Inhibition of HDAC activity can modulate hippocampus-dependent long-term memory in a CREB binding protein dependent manner [25]. The enhancement of hippocampus-dependent memory and hippocampal synaptic plasticity by HDAC inhibitors is mediated by the transcription factor pCREB. HDACs play a role in the regulation of CREB target gene transcription, indicating that CREB-dependent genes such as cFos and Zif268 may also be affected by NaB [26]. In this study, pCREB exhibited a remarkable reduction in MCAO rats and was improved by NaB. However, the present results showed that apigenin did not affect pCREB expression after MCAO. This finding might be related to the small size of the sample, and further studies are required to address this point.

It is well known that neurons require neurotrophic support for their development and survival. BDNF is one of the many effectors of CREB phosphorylation regulation and participates in learning and memory processes. Apigenin was shown to increase BDNF expression in Parkinson’s model of rats, accompanied by cognitive improvement [27]. In our study, we observed that treatment with apigenin and NaB increased BDNF levels in the ischemic rat brain. Interestingly, at the higher apigenin dose of 40 mg/kg, the BDNF protein level was markedly increased compared with the model group, while apigenin at 20 mg/kg had no such effect. These findings suggest that apigenin at the higher dose has neurotrophic potential and may be useful for cognition recovery after ischemic brain injury. However, the mRNA expression of BDNF was up-regulated by both doses of apigenin. Therefore, we speculate that the translation, post-translation processing, and modification of BDNF protein require the higher dose of apigenin.
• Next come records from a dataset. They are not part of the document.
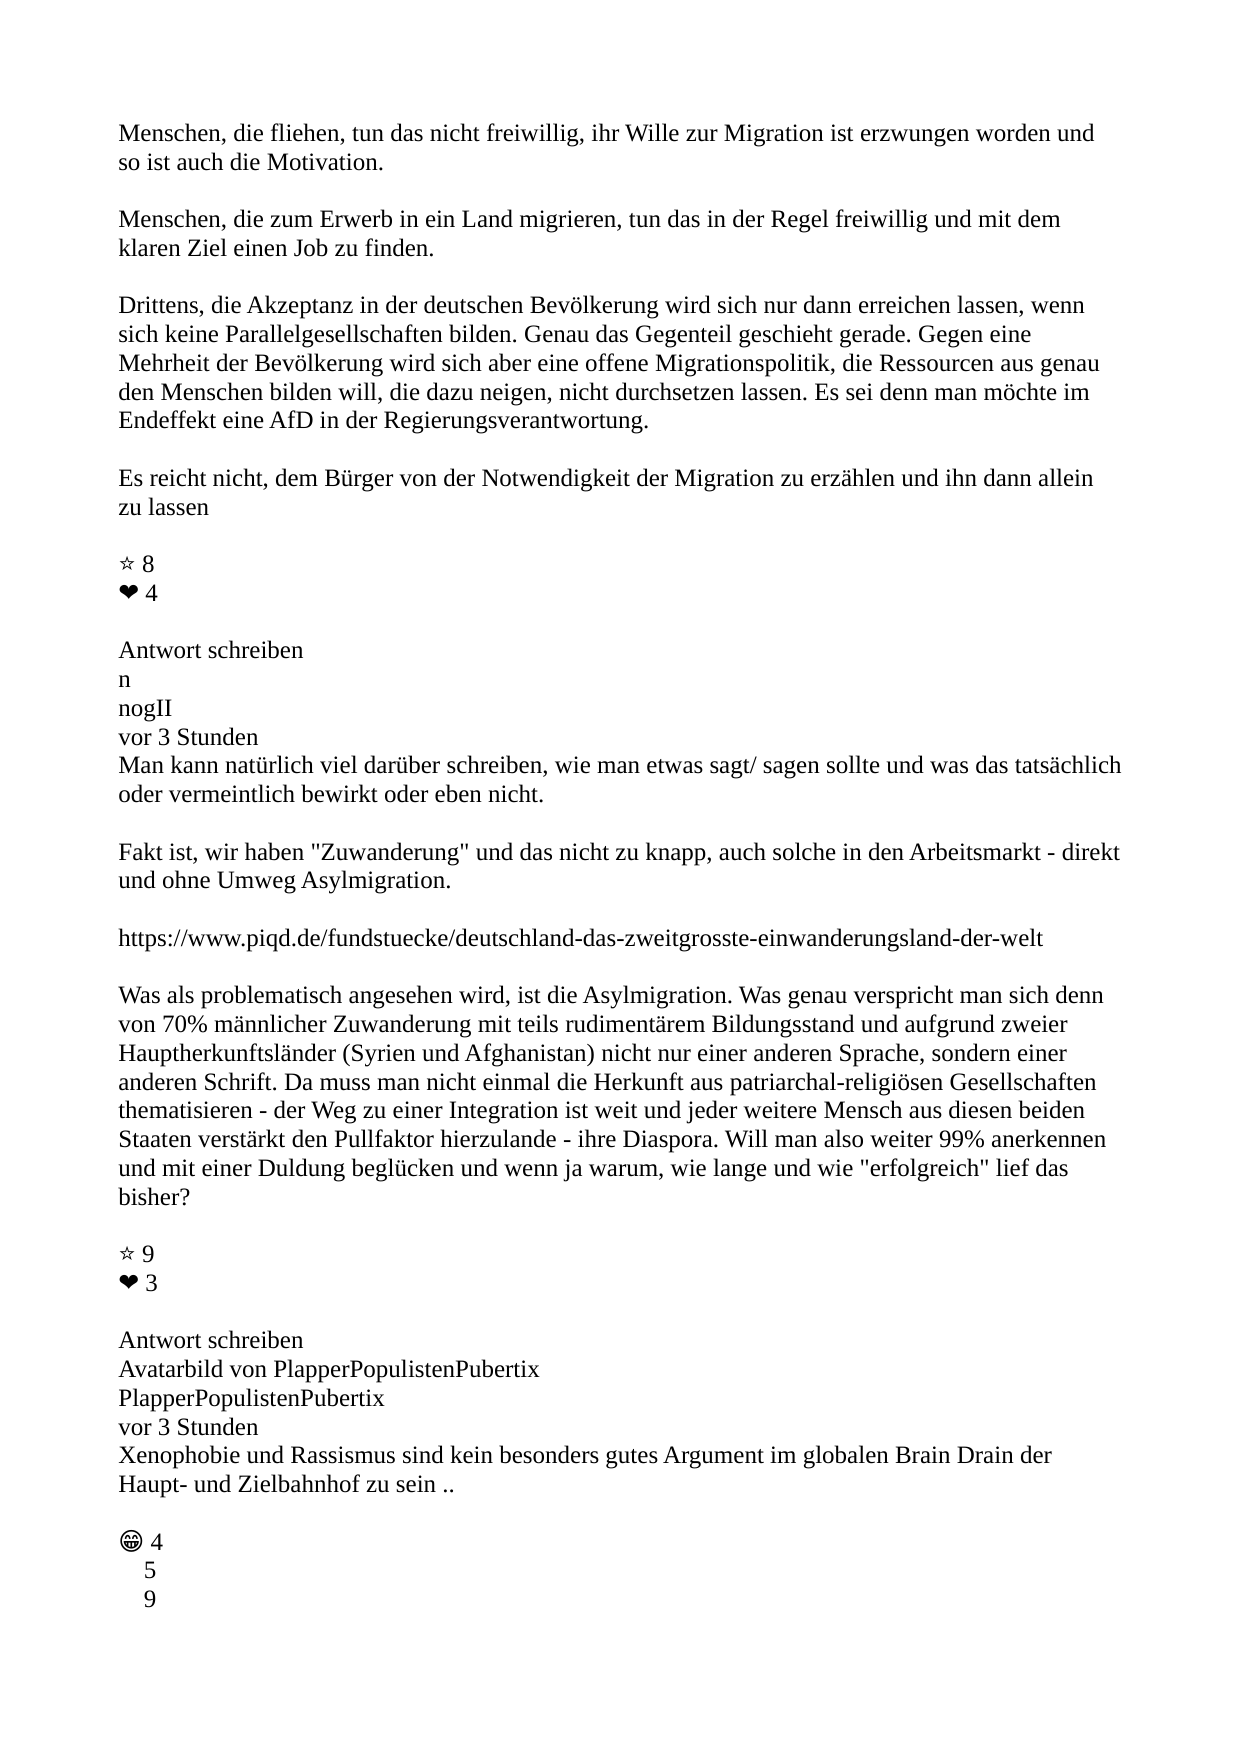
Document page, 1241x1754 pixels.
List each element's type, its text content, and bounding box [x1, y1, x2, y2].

text 🤨 9 [118, 1584, 1122, 1613]
text PlapperPopulistenPubertix [118, 1383, 1122, 1412]
text https://www.piqd.de/fundstuecke/deutschland-das-zweitgrosste-einwanderungsland-der-welt [118, 923, 1122, 952]
text nogII [118, 693, 1122, 722]
text n [118, 664, 1122, 693]
text Man kann natürlich viel darüber schreiben, wie man etwas sagt/ sagen sollte und was das tatsächlich oder vermeintlich bewirkt oder eben nicht. [118, 751, 1122, 808]
text ❤️ 4 [118, 578, 1122, 607]
text vor 3 Stunden [118, 722, 1122, 751]
text Antwort schreiben [118, 1326, 1122, 1354]
text Was als problematisch angesehen wird, ist die Asylmigration. Was genau verspricht man sich denn von 70% männlicher Zuwanderung mit teils rudimentärem Bildungsstand und aufgrund zweier Hauptherkunftsländer (Syrien und Afghanistan) nicht nur einer anderen Sprache, sondern einer anderen Schrift. Da muss man nicht einmal die Herkunft aus patriarchal-religiösen Gesellschaften thematisieren - der Weg zu einer Integration ist weit und jeder weitere Mensch aus diesen beiden Staaten verstärkt den Pullfaktor hierzulande - ihre Diaspora. Will man also weiter 99% anerkennen und mit einer Duldung beglücken und wenn ja warum, wie lange und wie "erfolgreich" lief das bisher? [118, 981, 1122, 1211]
text ⭐️ 9 [118, 1239, 1122, 1268]
text Menschen, die fliehen, tun das nicht freiwillig, ihr Wille zur Migration ist erzwungen worden und so ist auch die Motivation. [118, 118, 1122, 176]
text Menschen, die zum Erwerb in ein Land migrieren, tun das in der Regel freiwillig und mit dem klaren Ziel einen Job zu finden. [118, 204, 1122, 262]
text Xenophobie und Rassismus sind kein besonders gutes Argument im globalen Brain Drain der Haupt- und Zielbahnhof zu sein .. [118, 1441, 1122, 1498]
text 😁 4 [118, 1527, 1122, 1556]
text vor 3 Stunden [118, 1412, 1122, 1441]
text Antwort schreiben [118, 636, 1122, 664]
text Avatarbild von PlapperPopulistenPubertix [118, 1354, 1122, 1383]
text 🙁 5 [118, 1556, 1122, 1584]
text ⭐️ 8 [118, 549, 1122, 578]
text Drittens, die Akzeptanz in der deutschen Bevölkerung wird sich nur dann erreichen lassen, wenn sich keine Parallelgesellschaften bilden. Genau das Gegenteil geschieht gerade. Gegen eine Mehrheit der Bevölkerung wird sich aber eine offene Migrationspolitik, die Ressourcen aus genau den Menschen bilden will, die dazu neigen, nicht durchsetzen lassen. Es sei denn man möchte im Endeffekt eine AfD in der Regierungsverantwortung. [118, 291, 1122, 434]
text Fakt ist, wir haben "Zuwanderung" und das nicht zu knapp, auch solche in den Arbeitsmarkt - direkt und ohne Umweg Asylmigration. [118, 837, 1122, 894]
text ❤️ 3 [118, 1268, 1122, 1297]
text Es reicht nicht, dem Bürger von der Notwendigkeit der Migration zu erzählen und ihn dann allein zu lassen [118, 463, 1122, 521]

Gene transcription is required for long-lasting forms of synaptic plasticity and memory storage. A previous report showed that spatial learning increased Syn-I mRNA and protein expressions [28], indicating that Syn-I is associated with learning and memory. Ischemia can cause damage to the expression of Syn-I [29]. A previous study found that hippocampal administration of NaB enhanced the levels of gene expression of synaptic plasticity markers [11]. Our results showed that NaB up-regulated Syn-I expression. Furthermore, the present study showed that apigenin at the higher dose increased Syn-I expression, which may be related to cognition.

Conclusions

In the present study, apigenin at 40 mg/kg was shown to promote histone acetylation, increase BDNF and Syn-I expressions, and obviously improve the cognitive deficits, being the same as the functions of NaB in ischemia and reperfusion brain-injured rats. Overall, regarding biochemical markers, the lower dose of apigenin did not show reversal of the neurochemical alterations. However, apigenin at the two doses showed the same effects on behavioral activity, which could be related to the additive effect on the neuroprotective (antioxidant, antineuroinflammatory) potential.

Our results can partly explain the effects of apigenin as a protective molecule in alleviating cognitive deficits and its underlying mechanisms in MCAO rats. However, further exploration of these potential mechanisms is required.